[Dataset records]
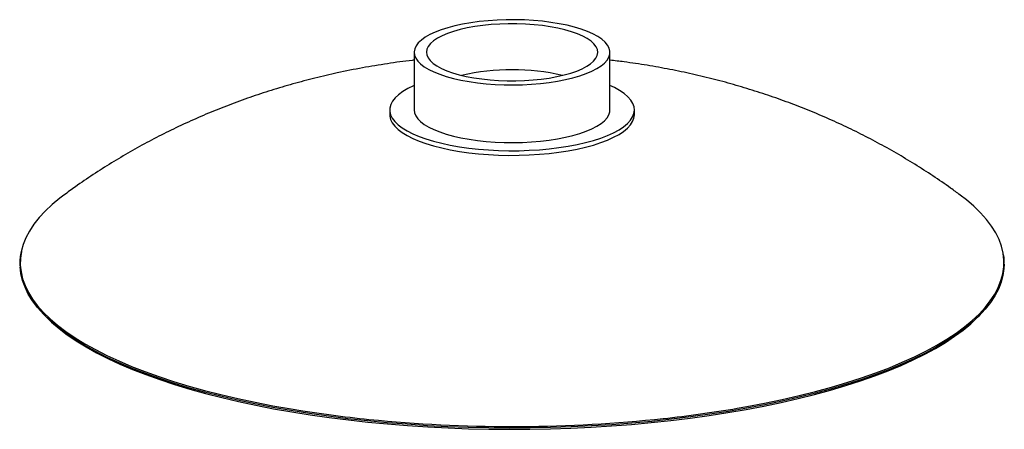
# Paper-space layout '_Dimétrica' of a CAD drawing. Header units: millimetres. Extents: x -201 to 201, y -100 to 67.
import ezdxf

# ---------------------------------------------------------------- set-up
doc = ezdxf.new("R2010")
doc.units = ezdxf.units.MM

psp = doc.layouts.new('_Dimétrica')

# ---------------------------------------------------------------- linework, layer by layer
at = {"color": 7, "linetype": 'Continuous', "lineweight": 25}
for p, q in [((-40, 53.74), (-40, 30.17)), ((40, 30.17), (40, 53.74)), ((-50, 30.17), (-50, 28.28)), ((50, 28.28), (50, 30.17)), ((-191.4, -53.31), (-190.78, -53.96)), ((190.78, -53.96), (191.4, -53.31))]:
    psp.add_line(p, q, dxfattribs=at)
at = {"color": 7, "linetype": 'Continuous', "lineweight": 25, "flags": 128}
for points in [[(-14.14, 41.27), (-10.58, 40.88), (-6.92, 40.61), (-3.2, 40.45), (0.55, 40.41), (4.29, 40.48), (8, 40.68), (11.63, 40.98), (15.17, 41.4), (18.56, 41.93), (21.8, 42.56), (24.85, 43.29), (27.67, 44.11), (30.26, 45.02), (32.57, 46), (34.6, 47.05), (36.33, 48.16), (37.74, 49.32), (38.81, 50.52), (39.55, 51.74), (39.94, 52.99), (39.97, 54.24), (39.66, 55.48), (38.99, 56.71), (37.99, 57.92), (36.65, 59.08), (34.99, 60.2), (33.02, 61.27), (30.76, 62.26), (28.23, 63.19), (25.45, 64.03), (22.45, 64.78), (19.25, 65.43), (15.88, 65.98), (12.37, 66.42), (8.76, 66.75), (5.06, 66.97), (1.33, 67.07), (-2.42, 67.05), (-6.15, 66.91), (-9.83, 66.66), (-13.41, 66.3), (-16.88, 65.83), (-20.21, 65.25), (-23.35, 64.57), (-26.29, 63.79), (-29, 62.93), (-31.45, 61.98), (-33.62, 60.96), (-35.51, 59.88), (-37.07, 58.75), (-38.32, 57.57), (-39.22, 56.35), (-39.79, 55.12), (-40, 53.87), (-39.86, 52.62), (-39.37, 51.38), (-38.53, 50.16), (-37.36, 48.98), (-35.86, 47.83), (-34.04, 46.74), (-31.92, 45.71), (-29.52, 44.74), (-26.87, 43.86), (-23.97, 43.07), (-20.87, 42.37), (-17.58, 41.76), (-14.14, 41.27)], [(-12.37, 42.83), (-9, 42.47), (-5.53, 42.22), (-2.01, 42.09), (1.54, 42.08), (5.07, 42.2), (8.55, 42.43), (11.94, 42.77), (15.2, 43.23), (18.32, 43.8), (21.24, 44.47), (23.94, 45.23), (26.4, 46.08), (28.59, 47.01), (30.49, 48.01), (32.07, 49.07), (33.32, 50.17), (34.24, 51.32), (34.8, 52.48), (35, 53.66), (34.84, 54.84), (34.33, 56.01), (33.46, 57.16), (32.25, 58.27), (30.71, 59.33), (28.86, 60.34), (26.71, 61.28), (24.28, 62.14), (21.61, 62.92), (18.71, 63.6), (15.62, 64.18), (12.37, 64.65), (9, 65.01), (5.53, 65.26), (2.01, 65.39), (-1.54, 65.4), (-5.07, 65.28), (-8.55, 65.05), (-11.94, 64.71), (-15.2, 64.25), (-18.32, 63.68), (-21.24, 63.01), (-23.94, 62.25), (-26.4, 61.4), (-28.59, 60.47), (-30.49, 59.47), (-32.07, 58.41), (-33.32, 57.31), (-34.24, 56.16), (-34.8, 55), (-35, 53.82), (-34.84, 52.64), (-34.33, 51.47), (-33.46, 50.32), (-32.25, 49.21), (-30.71, 48.15), (-28.86, 47.14), (-26.71, 46.2), (-24.28, 45.34), (-21.61, 44.56), (-18.71, 43.88), (-15.62, 43.3), (-12.37, 42.83)], [(-40, 40.17), (-40.29, 40.04), (-42.63, 38.88), (-44.67, 37.66), (-46.39, 36.39), (-47.79, 35.07), (-48.85, 33.72), (-49.57, 32.35), (-49.94, 30.96), (-49.97, 29.56), (-49.64, 28.17), (-48.96, 26.79), (-47.94, 25.44), (-46.59, 24.12), (-44.9, 22.84), (-42.91, 21.61), (-40.61, 20.45), (-38.02, 19.35), (-35.17, 18.32), (-32.08, 17.38), (-28.75, 16.53), (-25.23, 15.78), (-21.53, 15.13), (-17.68, 14.58)], [(-17.68, 14.58), (-13.7, 14.14), (-9.63, 13.82), (-5.49, 13.6), (-1.31, 13.51), (2.87, 13.53), (7.04, 13.67), (11.16, 13.92), (15.2, 14.29), (19.13, 14.77), (22.93, 15.36), (26.57, 16.05), (30.02, 16.84), (33.26, 17.72), (36.27, 18.7), (39.02, 19.75), (41.5, 20.87), (43.69, 22.06), (45.57, 23.31), (47.13, 24.61), (48.36, 25.94), (49.25, 27.3), (49.8, 28.69), (50, 30.08), (49.85, 31.48), (49.34, 32.86), (48.49, 34.23), (47.31, 35.57), (45.78, 36.87), (43.94, 38.12), (41.79, 39.32), (40, 40.17)], [(-50, 28.28), (-49.97, 27.67), (-49.64, 26.28), (-48.96, 24.91), (-47.94, 23.55), (-46.59, 22.23), (-44.9, 20.95), (-42.91, 19.73), (-40.61, 18.56), (-38.02, 17.46), (-35.17, 16.44), (-32.08, 15.5), (-28.75, 14.65), (-25.23, 13.9), (-21.53, 13.24), (-17.68, 12.69)], [(-40, 30.17), (-39.86, 29.05), (-39.37, 27.81), (-38.53, 26.59), (-37.36, 25.41), (-35.86, 24.26), (-34.04, 23.17), (-31.92, 22.14), (-29.52, 21.17), (-26.87, 20.29), (-23.97, 19.5), (-20.87, 18.8), (-17.58, 18.19), (-14.14, 17.7)], [(-17.68, 12.69), (-13.7, 12.26), (-9.63, 11.93), (-5.49, 11.72), (-1.31, 11.62), (2.87, 11.65), (7.04, 11.78), (11.16, 12.04), (15.2, 12.41), (19.13, 12.89), (22.93, 13.47), (26.57, 14.16), (30.02, 14.96), (33.26, 15.84), (36.27, 16.81), (39.02, 17.86), (41.5, 18.99), (43.69, 20.18), (45.57, 21.42), (47.13, 22.72), (48.36, 24.05), (49.25, 25.42), (49.8, 26.8), (50, 28.2), (50, 28.28)], [(-14.14, 17.7), (-10.58, 17.31), (-6.92, 17.04), (-3.2, 16.88), (0.55, 16.84), (4.29, 16.91), (8, 17.11), (11.63, 17.41), (15.17, 17.83), (18.56, 18.36), (21.8, 18.99), (24.85, 19.72), (27.67, 20.54), (30.26, 21.45), (32.57, 22.43), (34.6, 23.48), (36.33, 24.59), (37.74, 25.75), (38.81, 26.95), (39.55, 28.17), (39.94, 29.42), (40, 30.17)], [(-183.13, -4.65), (-184.81, -5.92), (-187.95, -8.53), (-190.76, -11.17), (-193.24, -13.85), (-195.37, -16.56), (-197.16, -19.31), (-198.61, -22.07), (-199.71, -24.85), (-200.39, -27.3)], [(200.62, -28.53), (200.59, -28.36), (199.94, -25.56), (198.92, -22.77), (197.57, -20.01), (195.86, -17.26), (193.81, -14.54), (191.42, -11.85), (188.7, -9.19), (185.64, -6.58), (183.11, -4.63)], [(188, -56.56), (184.86, -59.16), (181.39, -61.72), (177.61, -64.22), (173.52, -66.68), (169.12, -69.07), (164.42, -71.4), (159.44, -73.66), (154.17, -75.85), (148.64, -77.96), (142.84, -80), (136.8, -81.95), (130.51, -83.82), (124, -85.59), (117.27, -87.28), (110.33, -88.87), (103.2, -90.36), (95.88, -91.75), (88.4, -93.03), (80.77, -94.22), (72.99, -95.29), (65.08, -96.25), (57.07, -97.11), (48.95, -97.85), (40.74, -98.47), (32.46, -98.98), (24.13, -99.38), (15.75, -99.66), (7.35, -99.82), (-1.07, -99.86), (-9.48, -99.79), (-17.88, -99.6), (-26.25, -99.29), (-34.57, -98.87), (-42.83, -98.32), (-51.02, -97.67), (-59.11, -96.9), (-67.1, -96.02), (-74.98, -95.03), (-82.72, -93.93), (-90.32, -92.72), (-97.76, -91.4), (-105.03, -89.99), (-112.11, -88.47), (-119, -86.86), (-125.67, -85.15), (-132.13, -83.35), (-138.36, -81.46), (-144.34, -79.49), (-150.07, -77.43), (-155.54, -75.3), (-160.73, -73.09), (-165.64, -70.81), (-170.26, -68.47), (-174.59, -66.06), (-178.6, -63.59), (-182.3, -61.07), (-185.69, -58.5), (-188.74, -55.89), (-191.47, -53.23), (-193.86, -50.54), (-195.91, -47.82), (-197.62, -45.07), (-198.98, -42.3), (-199.99, -39.52), (-200.65, -36.72), (-200.96, -33.92), (-200.96, -33.89)], [(200.98, -32.83), (200.91, -34.63), (200.51, -37.43), (199.76, -40.23), (198.66, -43.01), (197.22, -45.77), (195.42, -48.52), (193.29, -51.23), (190.81, -53.91), (188, -56.56)], [(-190.78, -53.96), (-188.13, -56.53), (-185.08, -59.13), (-181.71, -61.69), (-178.02, -64.21), (-174.02, -66.66), (-169.71, -69.06), (-165.1, -71.4), (-160.21, -73.67), (-155.03, -75.87), (-149.58, -78), (-143.87, -80.05), (-137.91, -82.02), (-131.7, -83.9), (-125.27, -85.69), (-118.61, -87.4), (-111.74, -89.01), (-104.68, -90.52), (-97.44, -91.93), (-90.03, -93.24), (-82.45, -94.44), (-74.73, -95.54), (-66.89, -96.53), (-58.92, -97.41), (-50.85, -98.17), (-42.69, -98.83), (-34.46, -99.36), (-26.16, -99.79), (-17.82, -100.1), (-9.45, -100.29), (-1.07, -100.36), (7.32, -100.32), (15.7, -100.15), (24.05, -99.88), (32.36, -99.48), (40.61, -98.97), (48.79, -98.35), (56.88, -97.61), (64.87, -96.76), (72.75, -95.8), (80.51, -94.73), (88.12, -93.55), (95.57, -92.27), (102.86, -90.89), (109.97, -89.4), (116.89, -87.82), (123.6, -86.14), (130.09, -84.36), (136.35, -82.5), (142.38, -80.56), (148.16, -78.53), (153.67, -76.42), (158.92, -74.24), (163.89, -71.99), (168.57, -69.66), (172.95, -67.28), (177.03, -64.84), (180.8, -62.34), (184.26, -59.79), (187.39, -57.19)], [(187.39, -57.19), (190.19, -54.56), (190.78, -53.96)]]:
    psp.add_lwpolyline(points, dxfattribs=at)
at = {"color": 8, "linetype": 'Continuous', "lineweight": 25, "flags": 128}
for points in [[(-200.39, -27.3), (-200.46, -27.64), (-200.86, -30.45), (-200.9, -33.25), (-200.59, -36.06), (-199.94, -38.85), (-198.92, -41.64), (-197.57, -44.41), (-195.86, -47.15), (-193.81, -49.87), (-191.42, -52.56), (-188.7, -55.22), (-185.64, -57.83), (-182.26, -60.4), (-178.55, -62.92), (-174.54, -65.38), (-170.22, -67.79), (-165.6, -70.14), (-160.69, -72.41), (-155.5, -74.62), (-150.03, -76.76), (-144.3, -78.81), (-138.32, -80.78), (-132.1, -82.67), (-125.64, -84.47), (-118.97, -86.18), (-112.08, -87.79), (-105, -89.31), (-97.73, -90.72), (-90.3, -92.04), (-85.5, -92.81)], [(187.95, -55.88), (190.76, -53.24), (193.24, -50.56), (195.37, -47.85), (197.16, -45.11), (198.61, -42.34), (199.71, -39.56), (200.46, -36.77), (200.86, -33.96), (200.9, -31.16), (200.62, -28.53)], [(92.01, -91.75), (95.86, -91.07), (103.17, -89.68), (110.3, -88.19), (117.24, -86.6), (123.97, -84.91), (130.48, -83.14), (136.76, -81.27), (142.81, -79.32), (148.6, -77.28), (154.13, -75.17), (159.4, -72.98), (164.38, -70.72), (169.07, -68.39), (173.47, -66), (177.56, -63.55), (181.35, -61.04), (184.81, -58.49), (187.95, -55.88)]]:
    psp.add_lwpolyline(points, dxfattribs=at)
at = {"color": 7, "linetype": 'Continuous', "lineweight": 25}
for centre, radius, start, end in [((0, -47.54), 94.14, 77.3504, 102.6496), ((10.16, 387.57), 486.26, 276.0922, 279.6898), ((-7.51, 407.72), 506.57, 261.1432, 264.6679)]:
    psp.add_arc(centre, radius, start, end, dxfattribs=at)
at = {"color": 8, "linetype": 'Continuous', "lineweight": 25}
psp.add_arc((-0.05, 489.12), 588.32, 264.68166, 276.03183, dxfattribs=at)
at = {"color": 7, "linetype": 'Continuous', "lineweight": 25}
for points, knots in [([(-40, 50.52), (-40.28, 50.5), (-43.93, 50.12), (-50.97, 49.1), (-61.16, 47.42), (-71.04, 45.44), (-80.51, 43.24), (-89.51, 40.85), (-98.37, 38.22), (-107.07, 35.35), (-115.62, 32.23), (-124.01, 28.87), (-132.25, 25.28), (-140.34, 21.45), (-148.27, 17.38), (-156.05, 13.08), (-163.67, 8.55), (-171.12, 3.79), (-177.6, -0.6), (-181.52, -3.5), (-183.07, -4.64)], [0, 0, 0, 0, 0.005441, 0.070815, 0.137457, 0.205192, 0.265704, 0.325813, 0.38544, 0.44458, 0.503266, 0.561555, 0.619505, 0.677172, 0.734605, 0.791845, 0.848926, 0.905877, 0.962717, 1, 1, 1, 1]), ([(183, -4.59), (181.73, -3.65), (178.1, -0.95), (171.94, 3.24), (164.55, 8.01), (157.01, 12.53), (149.33, 16.81), (141.5, 20.87), (133.54, 24.69), (125.43, 28.27), (117.19, 31.62), (108.79, 34.74), (100.25, 37.62), (91.55, 40.27), (82.68, 42.69), (73.65, 44.86), (64.47, 46.79), (55.15, 48.45), (46.98, 49.7), (41.91, 50.28), (40, 50.5)], [0, 0, 0, 0, 0.03064, 0.087276, 0.14391, 0.200568, 0.257282, 0.314091, 0.371042, 0.428193, 0.485615, 0.543384, 0.601588, 0.660314, 0.719638, 0.779606, 0.84021, 0.901367, 0.962865, 1, 1, 1, 1]), ([(-200.55, -27.56), (-200.55, -27.59), (-200.81, -28.51), (-201, -30.33), (-201.16, -32.31), (-201.07, -33.41), (-201.05, -33.6)], [0, 0, 0, 0, 0.013921, 0.458472, 0.902314, 1, 1, 1, 1]), ([(201.06, -32.52), (201.07, -32.19), (201.11, -30.96), (200.93, -29.74), (200.8, -28.85)], [0, 0, 0, 0, 0.274194, 1, 1, 1, 1])]:
    psp.add_open_spline(points, degree=3, knots=knots, dxfattribs=at)

doc.saveas('drawing.dxf')

**Assigned task:** Above are the records. Identify each line that contains the word "dxfattribs".

**Task answer:**
    psp.add_line(p, q, dxfattribs=at)
    psp.add_lwpolyline(points, dxfattribs=at)
    psp.add_lwpolyline(points, dxfattribs=at)
    psp.add_arc(centre, radius, start, end, dxfattribs=at)
psp.add_arc((-0.05, 489.12), 588.32, 264.68166, 276.03183, dxfattribs=at)
    psp.add_open_spline(points, degree=3, knots=knots, dxfattribs=at)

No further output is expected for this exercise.